Coming out in football: “May 17th is just a starting point”

As of: May 17, 2024 5:39 a.m

The “Sports Free” campaign is planning a group coming out in football today on International Day Against Homophobia. The goal: create visibility. However, it is still unclear whether professional footballers will also take part.

For many years, Dirk Elbrächter hardly spoke about his private life at work. While others talked about their wives and children, he deliberately kept secret that he was living with a man.

Elbrächter is not a professional footballer, but he covered the sport as a reporter and presenter for many years and experienced how passes in his environment were called “gay” or players and referees were called “faggots”. “In this professional context, especially when it comes to football, I always had the strong feeling that homosexuality wasn’t popular, wasn’t male, didn’t belong there. And that’s why I thought: I’ll just say nothing.”

to be a role model

Since March 2022, Dirk Elbrächter has been working as Head of Content Management at Bundesliga club TSG Hoffenheim. Here he came out a few weeks ago, at the age of 51, in a management meeting. He was inspired today by the “Sports Free” campaign, which plans a group coming out in professional football to combat homophobia.

Elbrächter decided to break his silence – also to set an example for others. It’s a step he hasn’t regretted. “Everyone in the club came straight into a solution dialogue, wanted to know what they could do for the players, why I was afraid to come out. I felt a great deal of openness at this appointment.”

Dirk Elbrächter has been working as head of content management at Bundesliga club TSG Hoffenheim for two years – and has come out.

Hardly any outed football players

The idea for the “Sports Free” campaign and the group coming out comes from Marcus Urban, ex-footballer and LGBT activist. Urban was a youth national player in the GDR and was considered a great football talent in the early 1990s. But the decision to pursue a professional career would have meant the end of a self-determined life, he says. “I was afraid that I would embarrass myself if I came out. I denied myself extremely much as a footballer and bent myself ad nauseam.”

Urban wants to move forward with his story. But there still seems to be a long way to go before homosexuality is normalized in professional football. In Germany, only one ex-professional footballer has publicly acknowledged his homosexuality: Thomas Hitzlsperger. That was in 2014. Since then there have been individual coming outs by active footballers in the Czech Republic, Scotland and Australia.

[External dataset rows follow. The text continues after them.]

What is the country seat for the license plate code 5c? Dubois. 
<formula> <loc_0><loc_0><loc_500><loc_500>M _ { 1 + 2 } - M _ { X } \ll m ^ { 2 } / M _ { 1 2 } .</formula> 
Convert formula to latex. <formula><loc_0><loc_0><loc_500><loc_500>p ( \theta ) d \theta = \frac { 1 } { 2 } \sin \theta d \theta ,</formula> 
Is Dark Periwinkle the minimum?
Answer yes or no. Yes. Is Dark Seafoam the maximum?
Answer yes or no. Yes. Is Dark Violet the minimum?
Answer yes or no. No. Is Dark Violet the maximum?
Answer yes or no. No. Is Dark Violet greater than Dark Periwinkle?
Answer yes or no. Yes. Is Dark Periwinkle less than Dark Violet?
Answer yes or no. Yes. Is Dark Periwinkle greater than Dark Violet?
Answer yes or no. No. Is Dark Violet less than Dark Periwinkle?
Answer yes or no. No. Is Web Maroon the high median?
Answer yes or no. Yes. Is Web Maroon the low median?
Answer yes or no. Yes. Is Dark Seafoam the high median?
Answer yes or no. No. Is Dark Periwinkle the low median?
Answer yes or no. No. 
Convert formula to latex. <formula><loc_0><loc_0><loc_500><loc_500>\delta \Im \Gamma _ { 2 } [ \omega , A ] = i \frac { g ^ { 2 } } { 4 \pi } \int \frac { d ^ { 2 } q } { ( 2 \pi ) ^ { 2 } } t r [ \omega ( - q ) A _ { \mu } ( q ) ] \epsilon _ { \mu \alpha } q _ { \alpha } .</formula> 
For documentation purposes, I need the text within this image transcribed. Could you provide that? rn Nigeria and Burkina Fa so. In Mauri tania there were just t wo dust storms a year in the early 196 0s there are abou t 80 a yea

It’s unclear how many are taking part

For today, Urban is planning a kind of digital gallery wall on the campaign website, where players, but also coaches, referees and other people from the professional football environment can share their stories. Urban doesn’t know whether well-known Bundesliga players will also be there. “The players are still afraid that they could fall into disgrace after coming out. There are people who earn very well from the players.”

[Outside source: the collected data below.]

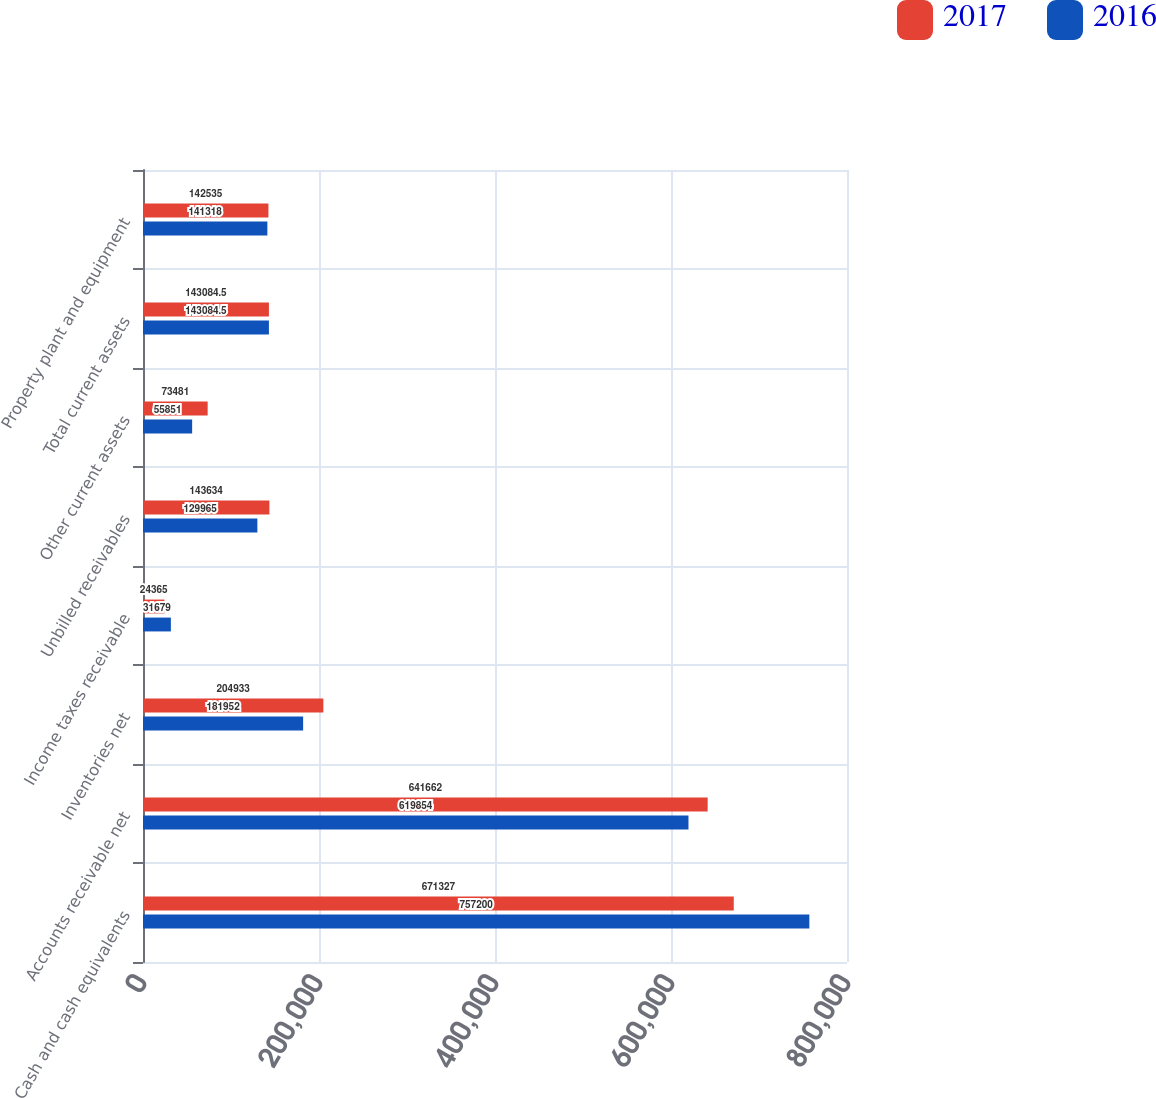<chart> <loc_0><loc_0><loc_500><loc_500><stacked_bar_chart><ecel><fcel>Cash and cash equivalents<fcel>Accounts receivable net<fcel>Inventories net<fcel>Income taxes receivable<fcel>Unbilled receivables<fcel>Other current assets<fcel>Total current assets<fcel>Property plant and equipment<nl><fcel>2017<fcel>671327<fcel>641662<fcel>204933<fcel>24365<fcel>143634<fcel>73481<fcel>143084<fcel>142535<nl><fcel>2016<fcel>757200<fcel>619854<fcel>181952<fcel>31679<fcel>129965<fcel>55851<fcel>143084<fcel>141318<nl></chart> 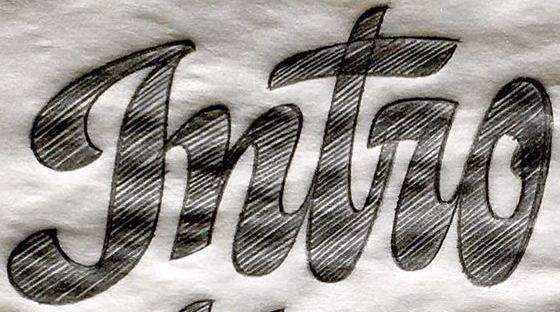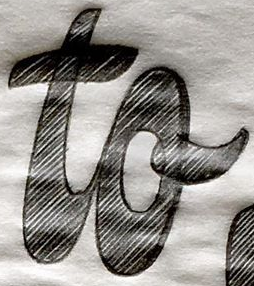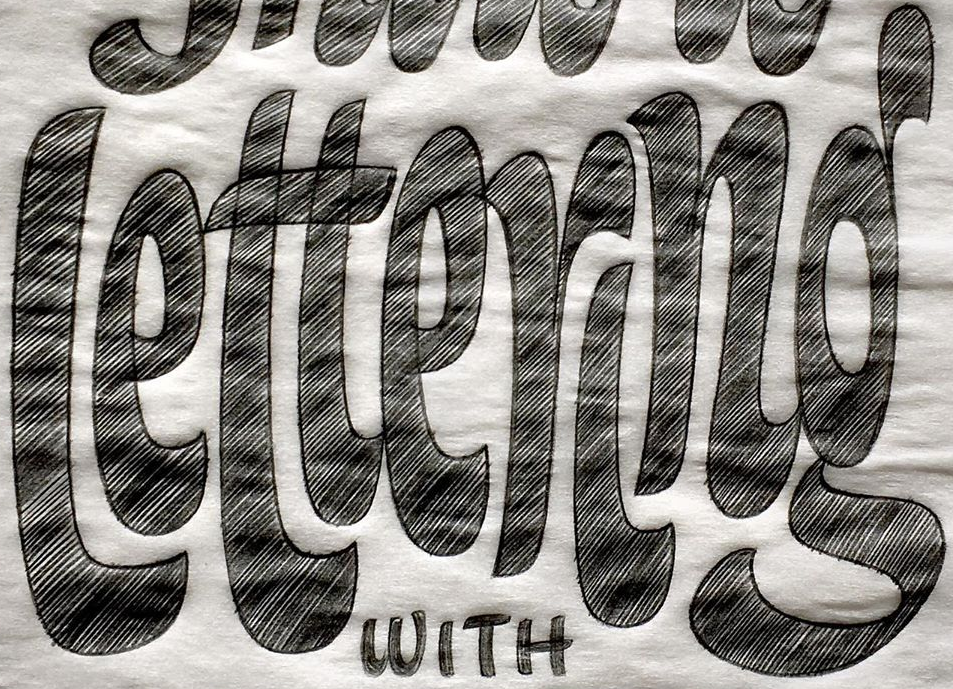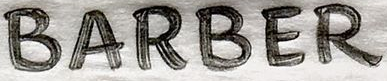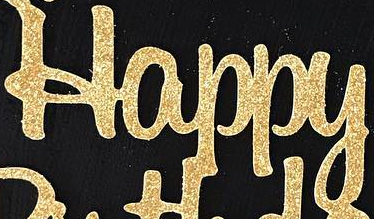Transcribe the words shown in these images in order, separated by a semicolon. gntro; to; lettering; BARBER; Happy 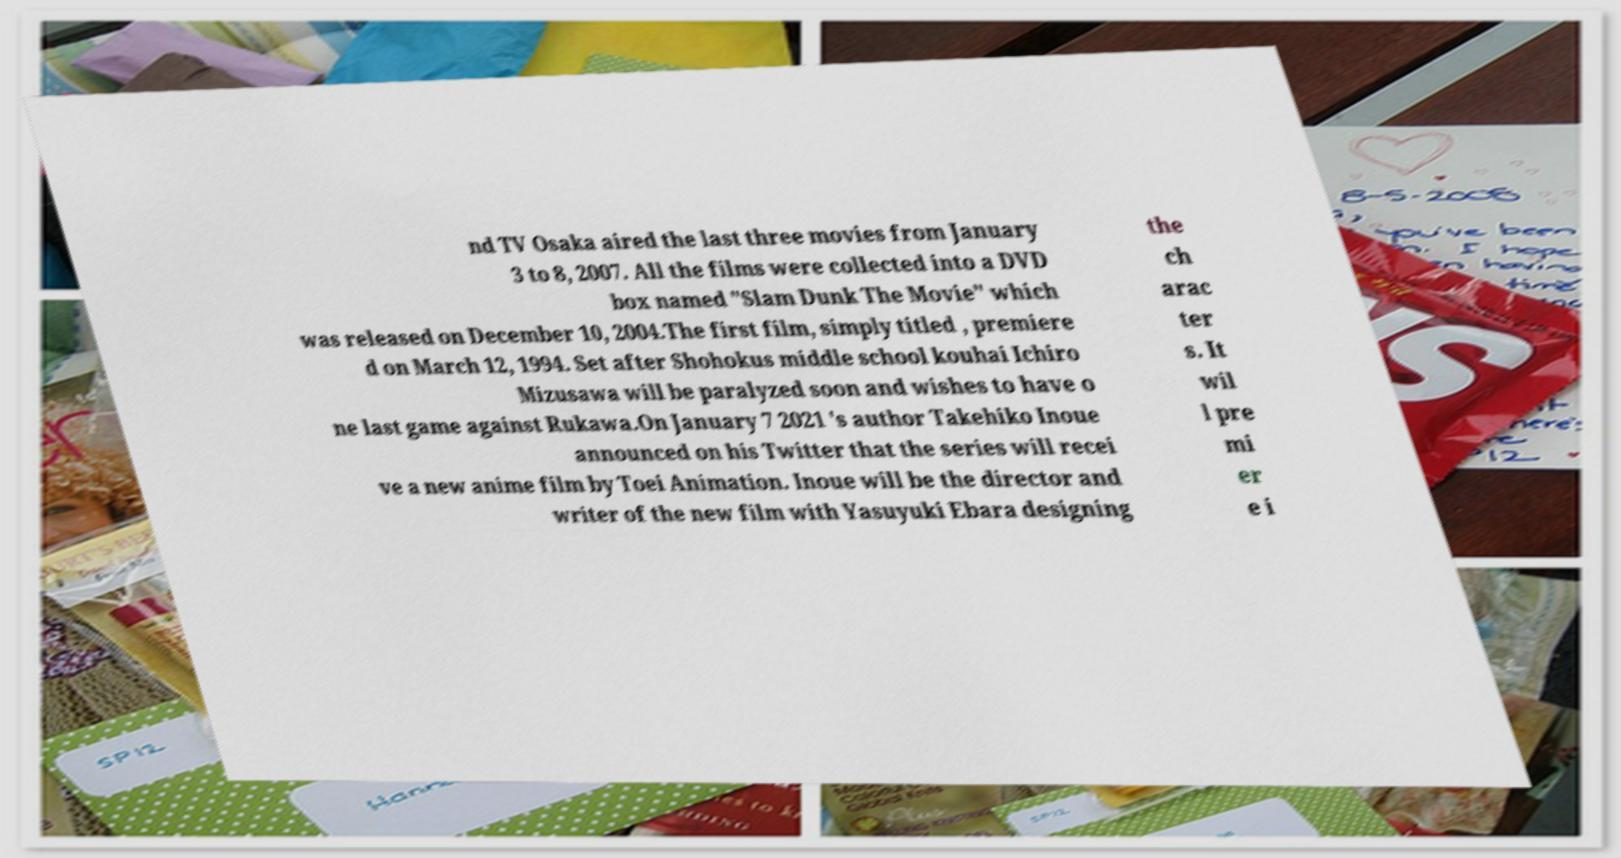I need the written content from this picture converted into text. Can you do that? nd TV Osaka aired the last three movies from January 3 to 8, 2007. All the films were collected into a DVD box named "Slam Dunk The Movie" which was released on December 10, 2004.The first film, simply titled , premiere d on March 12, 1994. Set after Shohokus middle school kouhai Ichiro Mizusawa will be paralyzed soon and wishes to have o ne last game against Rukawa.On January 7 2021 's author Takehiko Inoue announced on his Twitter that the series will recei ve a new anime film by Toei Animation. Inoue will be the director and writer of the new film with Yasuyuki Ebara designing the ch arac ter s. It wil l pre mi er e i

Nevertheless, Urban is convinced that campaigns like “Sports Free” are important to create awareness. “May 17 is just a starting point,” he says. After all, several professional clubs are also taking part in the campaign, for example Borussia Dortmund, Union Berlin and FC St. Pauli.

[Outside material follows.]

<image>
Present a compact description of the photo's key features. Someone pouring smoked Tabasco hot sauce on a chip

Critics are calling for a larger alliance

Christian Rudolph is also committed to the visibility of queer athletes. He heads the competence and contact point for sexual and gender diversity of the German Football Association (DFB) and the Lesbian and Gay Association in Germany (LSVD).

Rudolph criticizes that the “Sports Free” campaign focuses too much on men’s football and that women and queer people from other sports areas in Germany are not made visible.

“There is a lack of a strong alliance of supporters from the sport, so unfortunately it doesn’t seem very supportive and only focuses on a very small group,” says Rudolph. In 2008, not a single player on the German women’s national soccer team was publicly outed. There are now six openly queer women on the national team. You can learn a lot from the women here.

He thinks it’s good that the stories of homosexual managers, referees and employees in clubs and associations are also being told. Because they would also contribute to a positive climate in professional football. “If we can ensure that employees can be sure that they will not be excluded or insulted, then we will be able to bring that to the pitch.”

More openness in clubs through coming outs

Dirk Elbrächter has now experienced for himself what a coming out can achieve. With his step, he has already been able to bring about changes at his own club, TSG Hoffenheim.

For two weeks he has officially been the club’s diversity manager and contact person for people, including players, who are thinking about coming out, for example. “I also recorded a video for the intranet and got great reactions. And at the end I thought: Why did you wait so long?”